Hurricane Laura devastated parts of Louisiana and Texas last week with high winds and flooding, as communities in California battle severe wildfires. Federal government programs intended to help communities in the aftermath of disaster face additional challenges this year due to COVID-19. 

Kathleen Bergin, professor of law at Cornell Law School, is an expert in disaster and constitutional law whose work in mass evacuation shelters after Hurricane Katrina is used as a blueprint for protecting survivors. She says that federal agencies will need to coordinate to provide relief to families, but it remains to be seen how effective agencies will be in providing aid to those already made vulnerable by COVID-19 pandemic, including immigrants.

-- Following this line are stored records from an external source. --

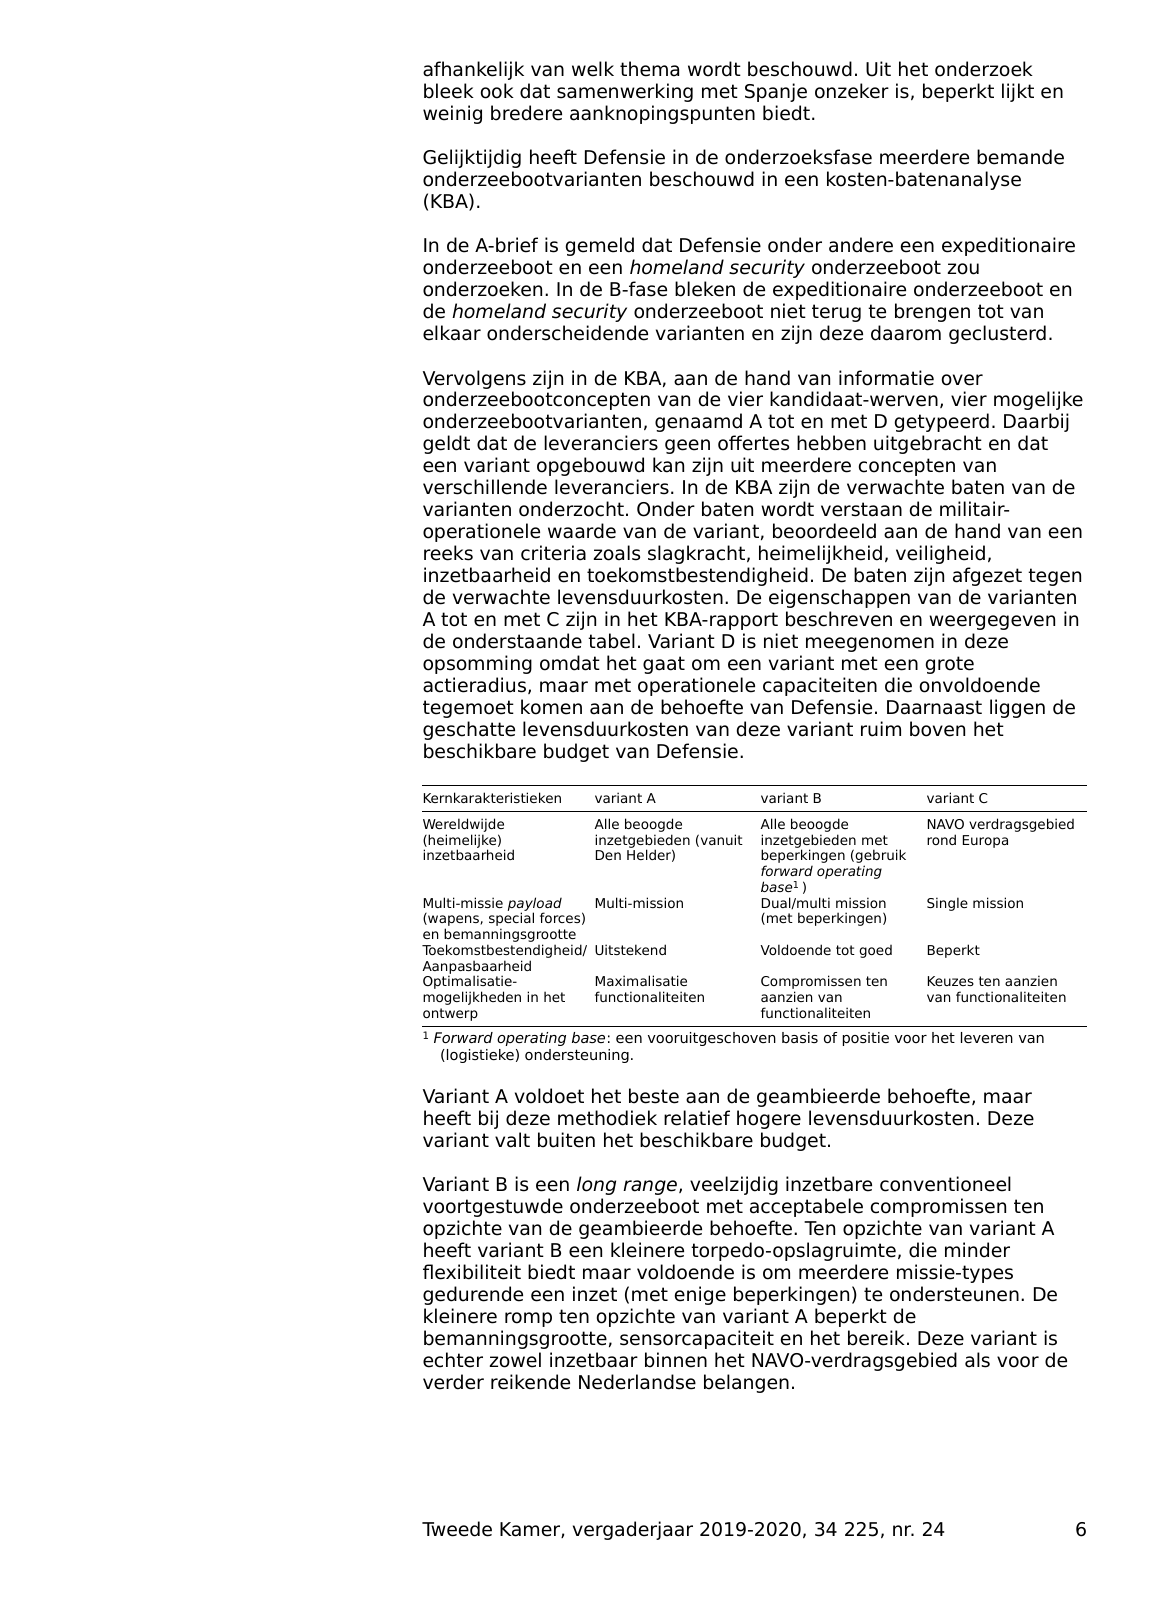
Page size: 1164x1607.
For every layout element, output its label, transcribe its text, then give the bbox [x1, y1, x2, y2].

table_cell Alle beoogde inzetgebieden met beperkingen (gebruik forward operating base1) [754, 812, 921, 895]
table_cell Multi-mission [588, 895, 754, 943]
table_header variant B [754, 786, 921, 811]
table_cell Multi-missie payload (wapens, special forces) en bemanningsgrootte [422, 895, 588, 943]
table_cell Dual/multi mission (met beperkingen) [754, 895, 921, 943]
table_header variant A [588, 786, 754, 811]
table_cell Compromissen ten aanzien van functionaliteiten [754, 974, 921, 1026]
text Vervolgens zijn in de KBA, aan de hand van informatie over onderzeebootconcepten van de vier kandidaat-werven, vier mogelijke onderzeebootvarianten, genaamd A tot en met D getypeerd. Daarbij geldt dat de leveranciers geen offertes hebben uitgebracht en dat een variant opgebouwd kan zijn uit meerdere concepten van verschillende leveranciers. In de KBA zijn de verwachte baten van de varianten onderzocht. Onder baten wordt verstaan de militair-operationele waarde van de variant, beoordeeld aan de hand van een reeks van criteria zoals slagkracht, heimelijkheid, veiligheid, inzetbaarheid en toekomstbestendigheid. De baten zijn afgezet tegen de verwachte levensduurkosten. De eigenschappen van de varianten A tot en met C zijn in het KBA-rapport beschreven en weergegeven in de onderstaande tabel. Variant D is niet meegenomen in deze opsomming omdat het gaat om een variant met een grote actieradius, maar met operationele capaciteiten die onvoldoende tegemoet komen aan de behoefte van Defensie. Daarnaast liggen de geschatte levensduurkosten van deze variant ruim boven het beschikbare budget van Defensie. [422, 367, 1087, 763]
text Variant A voldoet het beste aan de geambieerde behoefte, maar heeft bij deze methodiek relatief hogere levensduurkosten. Deze variant valt buiten het beschikbare budget. [422, 1086, 1087, 1152]
text afhankelijk van welk thema wordt beschouwd. Uit het onderzoek bleek ook dat samenwerking met Spanje onzeker is, beperkt lijkt en weinig bredere aanknopingspunten biedt. [422, 59, 1087, 125]
table_cell Maximalisatie functionaliteiten [588, 974, 754, 1026]
table_cell Toekomstbestendigheid/ Aanpasbaarheid [422, 943, 588, 974]
table_cell Keuzes ten aanzien van functionaliteiten [921, 974, 1087, 1026]
table_cell 1 Forward operating base: een vooruitgeschoven basis of positie voor het leveren van (logistieke) ondersteuning. [422, 1027, 1087, 1064]
table_cell Alle beoogde inzetgebieden (vanuit Den Helder) [588, 812, 754, 895]
text Variant B is een long range, veelzijdig inzetbare conventioneel voortgestuwde onderzeeboot met acceptabele compromissen ten opzichte van de geambieerde behoefte. Ten opzichte van variant A heeft variant B een kleinere torpedo-opslagruimte, die minder flexibiliteit biedt maar voldoende is om meerdere missie-types gedurende een inzet (met enige beperkingen) te ondersteunen. De kleinere romp ten opzichte van variant A beperkt de bemanningsgrootte, sensorcapaciteit en het bereik. Deze variant is echter zowel inzetbaar binnen het NAVO-verdragsgebied als voor de verder reikende Nederlandse belangen. [422, 1174, 1087, 1394]
table_header variant C [921, 786, 1087, 811]
table_cell Wereldwijde (heimelijke) inzetbaarheid [422, 812, 588, 895]
table_cell Voldoende tot goed [754, 943, 921, 974]
table_cell Beperkt [921, 943, 1087, 974]
text Gelijktijdig heeft Defensie in de onderzoeksfase meerdere bemande onderzeebootvarianten beschouwd in een kosten-batenanalyse (KBA). [422, 147, 1087, 213]
table_cell Optimalisatie-mogelijkheden in het ontwerp [422, 974, 588, 1026]
text In de A-brief is gemeld dat Defensie onder andere een expeditionaire onderzeeboot en een homeland security onderzeeboot zou onderzoeken. In de B-fase bleken de expeditionaire onderzeeboot en de homeland security onderzeeboot niet terug te brengen tot van elkaar onderscheidende varianten en zijn deze daarom geclusterd. [422, 235, 1087, 345]
table_cell Uitstekend [588, 943, 754, 974]
table_cell Single mission [921, 895, 1087, 943]
table_header Kernkarakteristieken [422, 786, 588, 811]
table_cell NAVO verdragsgebied rond Europa [921, 812, 1087, 895]

Bio: https://www.lawschool.cornell.edu/faculty/bio.cfm?id=994

Bergin says:

“Even before the pandemic, the system we have for responding to disaster provides important help in the short-run, but doesn’t do the best job of getting vulnerable people back on their feet. FEMA provides temporary assistance to renters, for example, but not the kind of ‘wrap around’ case management that helps families find a suitable place to live that’s close to their job, accessible to medical care, or near a school that’s right for their kids. There aren’t many places in the U.S. with a surplus of available housing, so when a catastrophic hurricane destroys what little is available, it means that families will be forced to move to areas which may not meet their personal or family needs. Federal legislation has been introduced to deal with this issue, but Congress has yet to act on it.     

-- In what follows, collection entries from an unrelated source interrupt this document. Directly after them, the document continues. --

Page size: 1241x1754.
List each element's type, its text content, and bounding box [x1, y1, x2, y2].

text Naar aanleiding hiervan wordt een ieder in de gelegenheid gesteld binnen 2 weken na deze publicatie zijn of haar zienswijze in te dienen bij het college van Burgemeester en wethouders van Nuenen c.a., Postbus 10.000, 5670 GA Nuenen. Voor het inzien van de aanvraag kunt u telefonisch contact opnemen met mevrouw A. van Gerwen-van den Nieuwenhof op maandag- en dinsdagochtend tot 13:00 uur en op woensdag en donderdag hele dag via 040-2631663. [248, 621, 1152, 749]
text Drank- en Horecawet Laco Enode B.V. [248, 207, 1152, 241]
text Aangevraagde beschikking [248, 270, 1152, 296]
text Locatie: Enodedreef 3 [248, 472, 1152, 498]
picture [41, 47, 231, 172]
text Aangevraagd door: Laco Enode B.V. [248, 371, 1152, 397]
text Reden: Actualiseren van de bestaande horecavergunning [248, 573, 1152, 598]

“The fallout will be hard on undocumented immigrants, especially those who lost work in the underground economy when businesses closed in response to COVID-19. On the one hand, federal disaster benefits, including cash assistance or help with rent or home repairs, are limited to U.S. citizens and certain qualifying foreign residents. On the other hand, even mixed status families who are eligible for limited assistance – because a child is a U.S. citizen, for example – might hesitate to apply for them, fearing that personal information could be turned over to immigration agents. There’s no indication that federal agencies are sharing that type of information, but Trump’s aggressive anti-immigration agenda understandably discourages parents of U.S. citizens from applying for benefits their children are lawfully entitled to.  

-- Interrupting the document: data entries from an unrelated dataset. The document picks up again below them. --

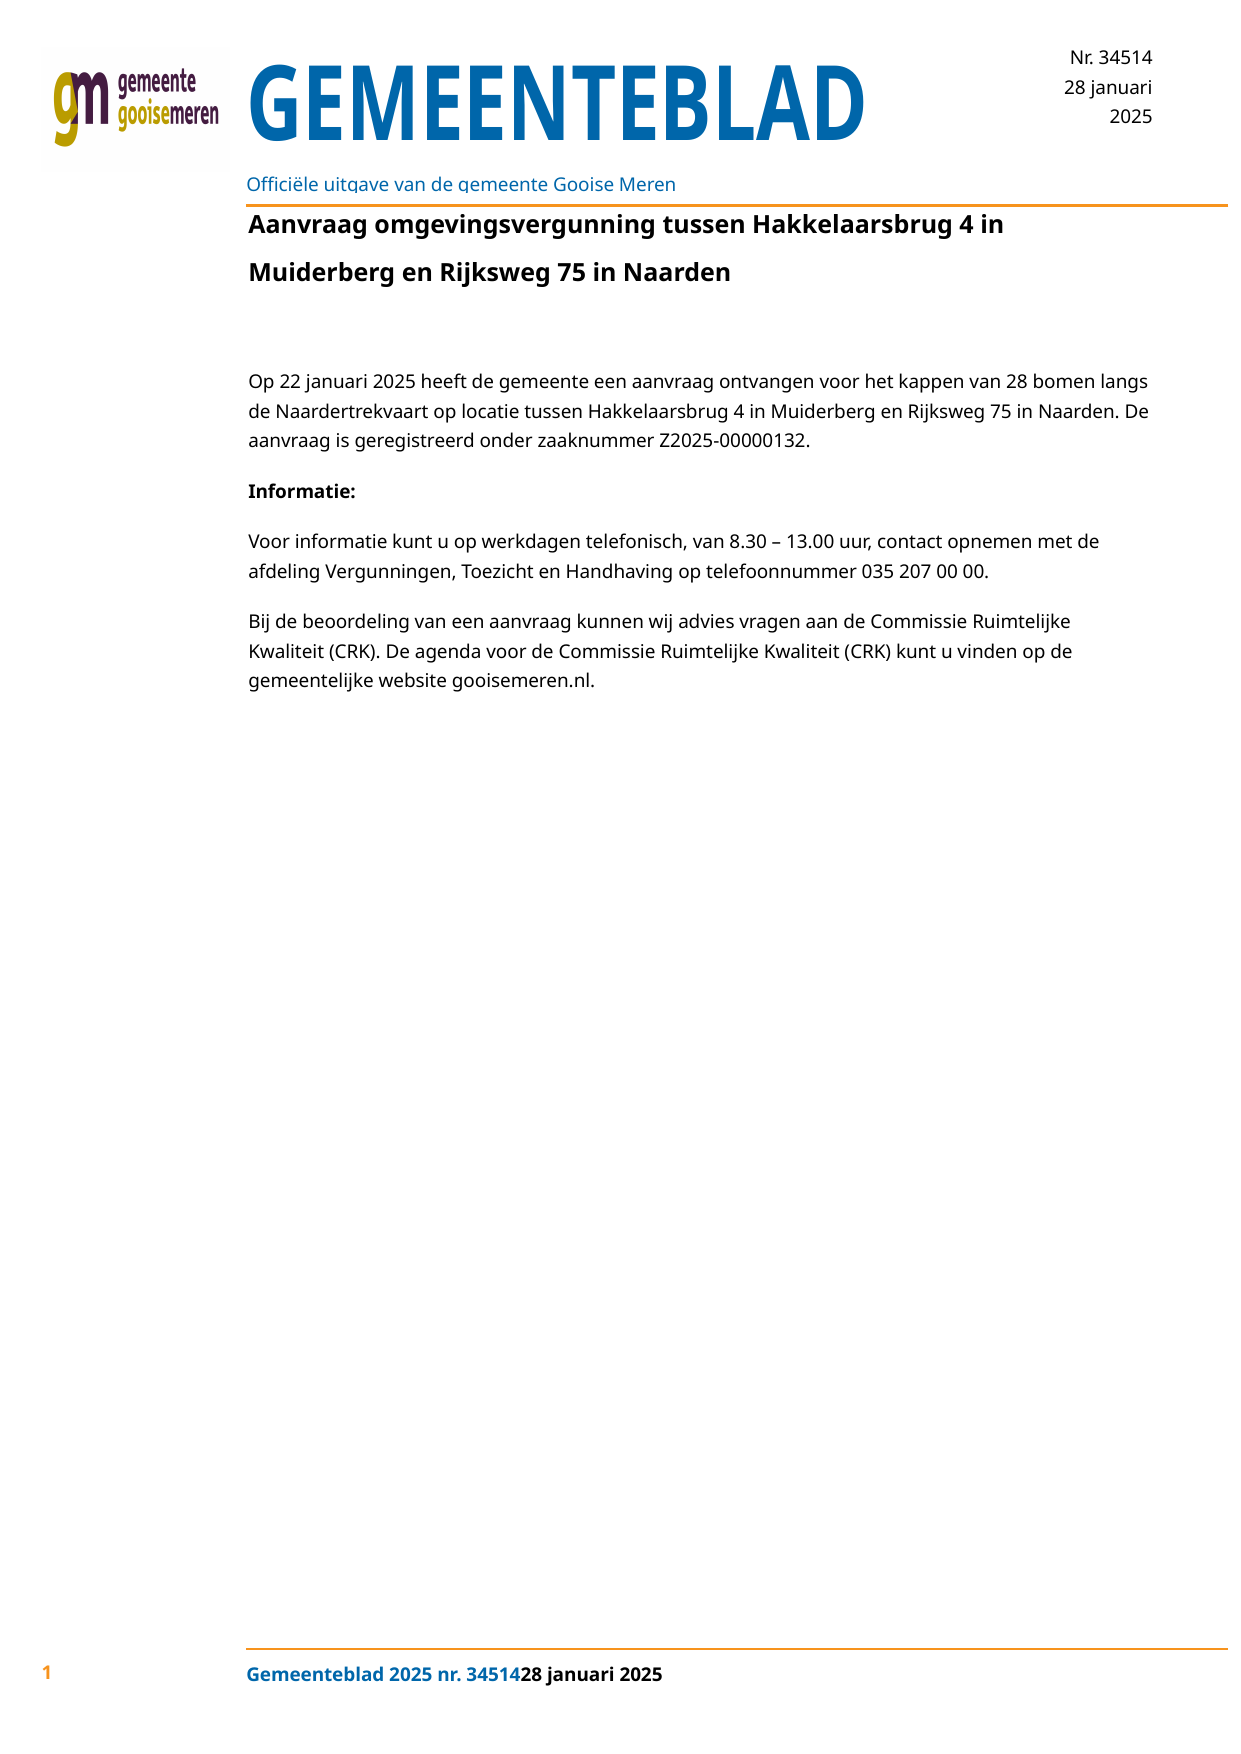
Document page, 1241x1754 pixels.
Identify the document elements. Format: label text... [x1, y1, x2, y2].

text Informatie: [248, 478, 1152, 504]
text Aanvraag omgevingsvergunning tussen Hakkelaarsbrug 4 in Muiderberg en Rijksweg 75 in Naarden [248, 207, 1152, 288]
text Voor informatie kunt u op werkdagen telefonisch, van 8.30 – 13.00 uur, contact opnemen met de afdeling Vergunningen, Toezicht en Handhaving op telefoonnummer 035 207 00 00. [248, 528, 1152, 584]
picture [41, 47, 231, 172]
text Op 22 januari 2025 heeft de gemeente een aanvraag ontvangen voor het kappen van 28 bomen langs de Naardertrekvaart op locatie tussen Hakkelaarsbrug 4 in Muiderberg en Rijksweg 75 in Naarden. De aanvraag is geregistreerd onder zaaknummer Z2025-00000132. [248, 368, 1152, 453]
text Bij de beoordeling van een aanvraag kunnen wij advies vragen aan de Commissie Ruimtelijke Kwaliteit (CRK). De agenda voor de Commissie Ruimtelijke Kwaliteit (CRK) kunt u vinden op de gemeentelijke website gooisemeren.nl. [248, 608, 1152, 693]

“FEMA helps coordinate the immediate response to a disaster – things like evacuations or search and rescue operations that are primarily executed by state and local officials. But other programs administered by HUD, the SBA, and the USDA kick-in during the longer-term recovery. How these entities coordinate operations in response to an over-active hurricane season, wildfires out west, catastrophic windstorms, and flooding in the heartland – all while managing a global pandemic, has yet to be determined. Following Hurricane Maria, advocates in Puerto Rico worked with FEMA to ensure that lawful homeowners who didn’t have documented title to their property wouldn’t lose out on much-needed repair assistance. But when it came to rebuilding, homeowners were left in a lurch because HUD required different forms of proof to establish eligibility for benefits. Three years later, those wrinkles are still being worked out, so we’ll have to wait and see whether similar problems hobble the response to Hurricane Laura or any of the major disasters we’re dealing with.”